Concrètement, ces autorités sont chargées de contrôler le respect de l’indépendance éditoriale des médias, de garantir la transparence sur les structures de propriété, et de contrôler les procédures de nomination des dirigeants des médias de service public. Elles doivent également évaluer les projets de concentration dans le secteur des médias, en analysant leurs effets sur le pluralisme et l’indépendance éditoriale.
Les autorités nationales ont également pour mission de surveiller les pratiques des plateformes numériques à l’égard des médias européens. Elles s’assurent que les fournisseurs de médias sont soumis à des exigences réglementaires pour l’exercice de la responsabilité éditoriale et à la supervision de l’ARN. En cas de litige entre une plateforme et un média, le Media Board constitué des régulateurs, peut être saisi pour émettre une opinion. Les autorités nationales ont aussi un rôle stratégique dans la détection des ingérences étrangères, notamment en évaluant les activités des médias contrôlés par des États tiers susceptibles de menacer la sécurité ou l’ordre démocratique. Pour que ces missions soient menées efficacement, les autorités nationales coopèrent entre elles partout en Europe par le biais du Media Board, auquel elles transmettent des informations, participent aux consultations, et appliquent les lignes directrices internes communes dans un esprit de cohérence européenne.

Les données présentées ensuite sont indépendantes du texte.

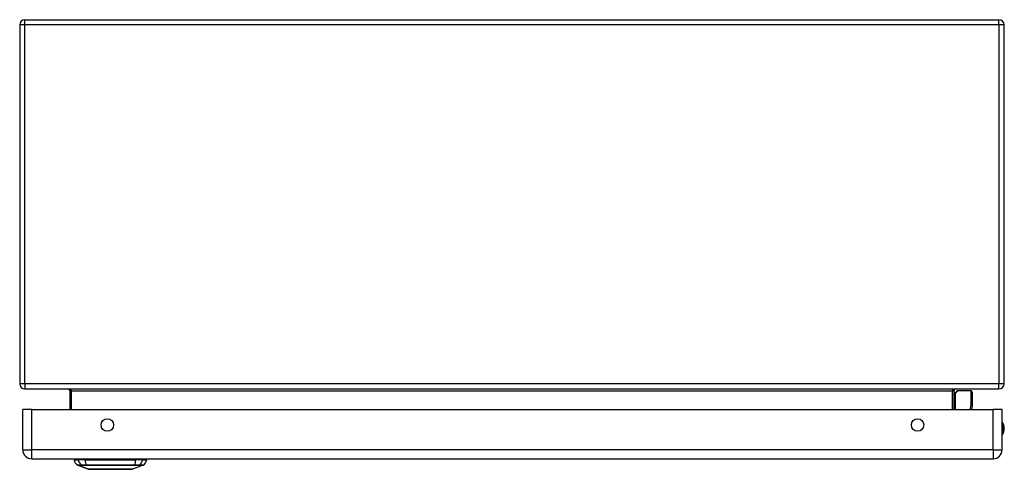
# Model space of a CAD drawing. Header units: inches. Extents: x 7.2 to 107.1, y 7.2 to 69.7.
# Tile 1 of 8: x 7.2 to 23.4, y 7.2 to 14.6. Entities that reach past the tile are written whole.
import ezdxf

# ---------------------------------------------------------------- set-up
doc = ezdxf.new("R2010")
doc.units = ezdxf.units.IN
doc.header["$LTSCALE"] = 6.835203
doc.header["$MEASUREMENT"] = 0
doc.layers.add('Visible Edges(ANSI)', color=7, linetype='Continuous', lineweight=25)
doc.layers.add('Visible Tangent Edges(ANSI)', color=7, linetype='Continuous', lineweight=25)

msp = doc.modelspace()

# ---------------------------------------------------------------- linework, layer by layer
at = {"layer": 'Visible Edges(ANSI)'}
for p, q in [((7.319, 14.622), (23.305, 14.622)), ((7.234, 14.537), (7.234, 8.648)), ((23.39, 8.648), (23.39, 14.537)), ((7.319, 8.563), (23.305, 8.563)), ((8.055, 8.532), (8.055, 8.226)), ((22.569, 8.226), (22.569, 8.532)), ((22.575, 8.487), (22.615, 8.527)), ((22.847, 8.533), (22.629, 8.533)), ((22.867, 8.513), (22.867, 8.287)), ((22.867, 8.283), (22.856, 8.226)), ((7.285, 7.565), (7.285, 8.226)), ((7.432, 8.226), (7.285, 8.226)), ((7.432, 8.226), (23.211, 8.226)), ((23.358, 8.226), (23.211, 8.226)), ((23.358, 7.565), (23.358, 8.226)), ((7.432, 7.418), (23.211, 7.418)), ((8.127, 7.402), (8.195, 7.402)), ((8.362, 7.246), (8.187, 7.314)), ((8.307, 7.402), (8.195, 7.402)), ((8.307, 7.402), (9.139, 7.402)), ((8.319, 7.406), (8.319, 7.418)), ((9.259, 7.314), (9.083, 7.246)), ((9.11, 7.406), (9.11, 7.418)), ((9.25, 7.402), (9.139, 7.402)), ((9.25, 7.402), (9.319, 7.402))]:
    msp.add_line(p, q, dxfattribs=at)
at = {"layer": 'Visible Edges(ANSI)', "flags": 128}
msp.add_lwpolyline([(8.364, 7.245), (8.365, 7.245), (8.366, 7.245), (8.368, 7.245), (8.371, 7.245), (8.375, 7.245), (8.38, 7.245), (8.385, 7.245), (8.392, 7.245), (8.399, 7.245), (8.407, 7.245), (8.415, 7.245), (8.425, 7.245), (8.435, 7.245), (8.446, 7.245), (8.457, 7.245), (8.469, 7.245), (8.482, 7.245), (8.495, 7.245), (8.509, 7.245), (8.524, 7.245), (8.538, 7.245), (8.554, 7.245), (8.57, 7.245), (8.586, 7.245), (8.602, 7.245), (8.619, 7.245), (8.636, 7.245), (8.653, 7.245), (8.67, 7.245), (8.688, 7.245), (8.705, 7.245), (8.723, 7.245), (8.741, 7.245), (8.758, 7.245), (8.776, 7.245), (8.793, 7.245), (8.81, 7.245), (8.827, 7.245), (8.844, 7.245), (8.861, 7.245), (8.877, 7.245), (8.892, 7.245), (8.908, 7.245), (8.923, 7.245), (8.937, 7.245), (8.951, 7.245), (8.964, 7.245), (8.977, 7.245), (8.989, 7.245), (9, 7.245), (9.011, 7.245), (9.021, 7.245), (9.03, 7.245), (9.039, 7.245), (9.047, 7.245), (9.054, 7.245), (9.06, 7.245), (9.066, 7.245), (9.071, 7.245), (9.075, 7.245), (9.078, 7.245), (9.08, 7.245), (9.081, 7.245), (9.081, 7.245)], dxfattribs=at)
at = {"layer": 'Visible Edges(ANSI)'}
for centre in [(8.673, 7.973), (21.97, 7.973)]:
    msp.add_circle(centre, 0.102, dxfattribs=at)
for centre, radius, start, end in [((7.319, 14.537), 0.0848, 90, 180), ((23.305, 14.537), 0.0848, 0, 90), ((7.319, 8.648), 0.0848, 180, 270), ((23.305, 8.648), 0.0848, 270, 0), ((8.024, 8.532), 0.0313, 0, 90), ((22.6, 8.532), 0.0313, 90, 180), ((22.589, 8.473), 0.0199, 135, 180), ((22.629, 8.513), 0.0199, 90, 135), ((22.847, 8.513), 0.0199, 0, 90), ((22.847, 8.287), 0.0199, 349.0591, 0), ((23.204, 7.915), 0.189, 324.6864, 35.3136), ((7.432, 7.565), 0.147, 180, 270), ((23.211, 7.565), 0.147, 270, 0), ((8.245, 7.418), 0.119, 187.9413, 240.2709), ((8.19, 7.323), 0.00994, 240.2709, 248.7495), ((8.299, 7.406), 0.0199, 348.463, 0), ((9.13, 7.406), 0.0199, 180, 191.537), ((9.255, 7.323), 0.00994, 291.2505, 299.7291), ((9.201, 7.418), 0.119, 299.7291, 352.0587), ((8.364, 7.25), 0.00497, 248.7495, 269.7912), ((9.081, 7.25), 0.00497, 270.2088, 291.2505)]:
    msp.add_arc(centre, radius, start, end, dxfattribs=at)
at = {"layer": 'Visible Tangent Edges(ANSI)'}
for p, q in [((7.319, 14.537), (7.319, 14.622)), ((23.305, 14.537), (23.305, 14.622)), ((7.319, 14.537), (7.234, 14.537)), ((7.319, 8.648), (7.319, 14.537)), ((23.305, 14.537), (7.319, 14.537)), ((23.39, 14.537), (23.305, 14.537)), ((23.305, 14.537), (23.305, 8.648)), ((7.319, 8.648), (7.234, 8.648)), ((23.305, 8.648), (7.319, 8.648)), ((7.319, 8.648), (7.319, 8.563)), ((23.39, 8.648), (23.305, 8.648)), ((23.305, 8.563), (23.305, 8.648)), ((8.086, 8.532), (8.055, 8.532)), ((8.086, 8.226), (8.086, 8.532)), ((8.086, 8.532), (22.538, 8.532)), ((22.538, 8.532), (22.569, 8.532)), ((22.538, 8.532), (22.538, 8.226)), ((22.629, 8.533), (22.589, 8.491)), ((22.589, 8.491), (22.589, 8.226)), ((22.847, 8.297), (22.847, 8.533)), ((22.834, 8.226), (22.847, 8.297)), ((7.432, 7.565), (7.432, 8.226)), ((23.211, 7.565), (23.211, 8.226)), ((7.285, 7.565), (7.432, 7.565)), ((23.211, 7.565), (7.432, 7.565)), ((7.432, 7.418), (7.432, 7.565)), ((23.211, 7.565), (23.211, 7.418)), ((23.211, 7.565), (23.358, 7.565)), ((8.187, 7.314), (8.362, 7.246)), ((8.253, 7.314), (8.253, 7.314)), ((8.319, 7.406), (9.11, 7.406)), ((8.327, 7.314), (8.327, 7.314)), ((9.11, 7.418), (9.11, 7.406)), ((9.11, 7.406), (9.11, 7.406)), ((9.119, 7.314), (9.119, 7.314)), ((9.193, 7.314), (9.193, 7.314))]:
    msp.add_line(p, q, dxfattribs=at)
at = {"layer": 'Visible Tangent Edges(ANSI)', "flags": 128}
for points in [[(8.251, 7.315), (8.245, 7.315), (8.24, 7.315), (8.236, 7.315), (8.231, 7.315), (8.227, 7.315), (8.222, 7.315), (8.218, 7.315), (8.215, 7.315), (8.211, 7.315), (8.208, 7.315), (8.205, 7.315), (8.202, 7.315), (8.199, 7.315), (8.197, 7.315), (8.195, 7.315), (8.193, 7.315), (8.191, 7.315), (8.19, 7.315), (8.188, 7.315), (8.187, 7.315), (8.187, 7.315), (8.186, 7.315), (8.186, 7.315), (8.185, 7.315)], [(8.187, 7.314), (8.187, 7.314), (8.187, 7.314), (8.188, 7.314), (8.189, 7.314), (8.19, 7.314), (8.191, 7.314), (8.192, 7.314), (8.194, 7.314), (8.196, 7.314), (8.198, 7.314), (8.201, 7.314), (8.203, 7.314), (8.206, 7.314), (8.209, 7.314), (8.213, 7.314), (8.216, 7.314), (8.22, 7.314), (8.224, 7.314), (8.228, 7.314), (8.233, 7.314), (8.237, 7.314), (8.242, 7.314), (8.247, 7.314), (8.253, 7.314)], [(8.326, 7.315), (8.322, 7.315), (8.317, 7.315), (8.313, 7.315), (8.309, 7.315), (8.305, 7.315), (8.301, 7.315), (8.297, 7.315), (8.293, 7.315), (8.29, 7.315), (8.286, 7.315), (8.283, 7.315), (8.279, 7.315), (8.276, 7.315), (8.273, 7.315), (8.27, 7.315), (8.267, 7.315), (8.265, 7.315), (8.262, 7.315), (8.26, 7.315), (8.258, 7.315), (8.256, 7.315), (8.254, 7.315), (8.252, 7.315), (8.251, 7.315)], [(8.253, 7.314), (8.254, 7.314), (8.256, 7.314), (8.258, 7.314), (8.26, 7.314), (8.262, 7.314), (8.264, 7.314), (8.267, 7.314), (8.269, 7.314), (8.272, 7.314), (8.275, 7.314), (8.278, 7.314), (8.281, 7.314), (8.284, 7.314), (8.288, 7.314), (8.291, 7.314), (8.295, 7.314), (8.298, 7.314), (8.302, 7.314), (8.306, 7.314), (8.31, 7.314), (8.314, 7.314), (8.318, 7.314), (8.322, 7.314), (8.327, 7.314)], [(9.12, 7.315), (9.088, 7.315), (9.055, 7.315), (9.023, 7.315), (8.99, 7.315), (8.957, 7.315), (8.924, 7.315), (8.89, 7.315), (8.857, 7.315), (8.823, 7.315), (8.789, 7.315), (8.756, 7.315), (8.722, 7.315), (8.688, 7.315), (8.655, 7.315), (8.621, 7.315), (8.588, 7.315), (8.554, 7.315), (8.521, 7.315), (8.488, 7.315), (8.455, 7.315), (8.423, 7.315), (8.39, 7.315), (8.358, 7.315), (8.326, 7.315)], [(8.327, 7.314), (8.359, 7.314), (8.391, 7.314), (8.423, 7.314), (8.456, 7.314), (8.489, 7.314), (8.522, 7.314), (8.555, 7.314), (8.588, 7.314), (8.622, 7.314), (8.655, 7.314), (8.689, 7.314), (8.722, 7.314), (8.756, 7.314), (8.789, 7.314), (8.823, 7.314), (8.856, 7.314), (8.89, 7.314), (8.923, 7.314), (8.956, 7.314), (8.989, 7.314), (9.022, 7.314), (9.055, 7.314), (9.087, 7.314), (9.119, 7.314)], [(9.119, 7.314), (9.123, 7.314), (9.127, 7.314), (9.132, 7.314), (9.136, 7.314), (9.14, 7.314), (9.143, 7.314), (9.147, 7.314), (9.151, 7.314), (9.154, 7.314), (9.158, 7.314), (9.161, 7.314), (9.164, 7.314), (9.168, 7.314), (9.171, 7.314), (9.173, 7.314), (9.176, 7.314), (9.179, 7.314), (9.181, 7.314), (9.184, 7.314), (9.186, 7.314), (9.188, 7.314), (9.19, 7.314), (9.191, 7.314), (9.193, 7.314)], [(9.195, 7.315), (9.193, 7.315), (9.192, 7.315), (9.19, 7.315), (9.188, 7.315), (9.186, 7.315), (9.183, 7.315), (9.181, 7.315), (9.178, 7.315), (9.175, 7.315), (9.172, 7.315), (9.169, 7.315), (9.166, 7.315), (9.163, 7.315), (9.159, 7.315), (9.156, 7.315), (9.152, 7.315), (9.148, 7.315), (9.145, 7.315), (9.141, 7.315), (9.137, 7.315), (9.133, 7.315), (9.128, 7.315), (9.124, 7.315), (9.12, 7.315)], [(9.193, 7.314), (9.198, 7.314), (9.203, 7.314), (9.208, 7.314), (9.213, 7.314), (9.217, 7.314), (9.222, 7.314), (9.226, 7.314), (9.229, 7.314), (9.233, 7.314), (9.236, 7.314), (9.239, 7.314), (9.242, 7.314), (9.245, 7.314), (9.247, 7.314), (9.249, 7.314), (9.251, 7.314), (9.253, 7.314), (9.255, 7.314), (9.256, 7.314), (9.257, 7.314), (9.258, 7.314), (9.258, 7.314), (9.259, 7.314), (9.259, 7.314)], [(9.26, 7.315), (9.26, 7.315), (9.26, 7.315), (9.259, 7.315), (9.258, 7.315), (9.257, 7.315), (9.256, 7.315), (9.255, 7.315), (9.253, 7.315), (9.251, 7.315), (9.249, 7.315), (9.246, 7.315), (9.244, 7.315), (9.241, 7.315), (9.238, 7.315), (9.235, 7.315), (9.231, 7.315), (9.227, 7.315), (9.223, 7.315), (9.219, 7.315), (9.215, 7.315), (9.21, 7.315), (9.205, 7.315), (9.2, 7.315), (9.195, 7.315)], [(8.446, 7.245), (8.439, 7.245), (8.433, 7.245), (8.427, 7.245), (8.421, 7.246), (8.415, 7.246), (8.41, 7.246), (8.405, 7.246), (8.4, 7.246), (8.396, 7.246), (8.391, 7.246), (8.388, 7.246), (8.384, 7.246), (8.38, 7.246), (8.377, 7.246), (8.375, 7.246), (8.372, 7.246), (8.37, 7.246), (8.368, 7.246), (8.366, 7.246), (8.365, 7.246), (8.364, 7.246), (8.363, 7.246), (8.363, 7.246), (8.362, 7.246)], [(8.493, 7.245), (8.491, 7.245), (8.489, 7.245), (8.487, 7.245), (8.485, 7.245), (8.482, 7.245), (8.48, 7.245), (8.478, 7.245), (8.476, 7.245), (8.474, 7.245), (8.472, 7.245), (8.47, 7.245), (8.468, 7.245), (8.466, 7.245), (8.464, 7.245), (8.462, 7.245), (8.46, 7.245), (8.459, 7.245), (8.457, 7.245), (8.455, 7.245), (8.453, 7.245), (8.451, 7.245), (8.449, 7.245), (8.447, 7.245), (8.446, 7.245)], [(8.953, 7.245), (8.936, 7.245), (8.919, 7.246), (8.901, 7.246), (8.883, 7.246), (8.864, 7.246), (8.845, 7.246), (8.825, 7.246), (8.805, 7.246), (8.785, 7.246), (8.764, 7.246), (8.744, 7.246), (8.723, 7.246), (8.702, 7.246), (8.681, 7.246), (8.661, 7.246), (8.64, 7.246), (8.62, 7.246), (8.6, 7.246), (8.581, 7.246), (8.562, 7.246), (8.544, 7.246), (8.526, 7.246), (8.509, 7.245), (8.493, 7.245)], [(9, 7.245), (8.998, 7.245), (8.996, 7.245), (8.995, 7.245), (8.993, 7.245), (8.991, 7.245), (8.989, 7.245), (8.987, 7.245), (8.985, 7.245), (8.983, 7.245), (8.981, 7.245), (8.979, 7.245), (8.977, 7.245), (8.975, 7.245), (8.973, 7.245), (8.971, 7.245), (8.969, 7.245), (8.967, 7.245), (8.965, 7.245), (8.963, 7.245), (8.961, 7.245), (8.959, 7.245), (8.957, 7.245), (8.955, 7.245), (8.953, 7.245)], [(9.083, 7.246), (9.083, 7.246), (9.083, 7.246), (9.082, 7.246), (9.081, 7.246), (9.079, 7.246), (9.078, 7.246), (9.076, 7.246), (9.074, 7.246), (9.071, 7.246), (9.068, 7.246), (9.065, 7.246), (9.062, 7.246), (9.058, 7.246), (9.054, 7.246), (9.05, 7.246), (9.045, 7.246), (9.04, 7.246), (9.035, 7.246), (9.03, 7.246), (9.025, 7.246), (9.019, 7.245), (9.013, 7.245), (9.007, 7.245), (9, 7.245)]]:
    msp.add_lwpolyline(points, dxfattribs=at)
at = {"layer": 'Visible Tangent Edges(ANSI)'}
for centre, radius, start, end in [((23.204, 7.915), 0.169, 335.7439, 24.2561), ((8.364, 7.25), 0.00497, 248.7495, 269.7912)]:
    msp.add_arc(centre, radius, start, end, dxfattribs=at)
for centre, major_axis, ratio, start_param, end_param in [((8.024, 8.532), (0.0626, 0), 0.5, 0, 1.570796), ((22.6, 8.532), (-0.0626, 0), 0.5, 4.712389, 6.283185), ((22.589, 8.473), (-0.0199, 0), 0.91745, 4.712389, 6.283185), ((22.589, 8.473), (-0.0141, 0.0141), 0.852462, 5.41831, 6.283185), ((22.847, 8.287), (0.0199, 0), 0.533433, 0, 1.570796), ((22.847, 8.287), (0.0195, -0.0038), 0.526442, 0, 1.672214), ((8.307, 7.418), (0, -0.119), 0.946806, 4.850991, 5.760348), ((8.255, 7.324), (0.00009, -0.00994), 0.948405, 5.751701, 5.992347), ((8.345, 7.418), (0, -0.119), 0.321806, 4.850991, 5.760348), ((8.327, 7.324), (-0.00003, -0.00994), 0.317047, 5.761322, 6.001968), ((9.129, 7.406), (0, -0.0199), 0.959551, 4.712389, 4.913747), ((9.118, 7.324), (0.00003, -0.00994), 0.317047, 0.281217, 0.521863), ((9.101, 7.418), (0, -0.119), 0.321806, 0.522838, 1.432195), ((9.19, 7.324), (-0.00009, -0.00994), 0.948405, 0.290838, 0.531485), ((9.139, 7.418), (0, -0.119), 0.946806, 0.522838, 1.432195)]:
    msp.add_ellipse(centre, major_axis=major_axis, ratio=ratio, start_param=start_param, end_param=end_param, dxfattribs=at)

doc.saveas('drawing.dxf')

En résumé, le Media Board est un comité d’experts nationaux qui a pour mission de fournir une expertise technique à la Commission. Il promeut la coopération et l’échange efficace d’informations, d’expériences et de bonnes pratiques entre ses membres, aide la Commission à élaborer des lignes directrices et assure la médiation en cas de désaccord entre autorités ou organismes de régulation nationaux.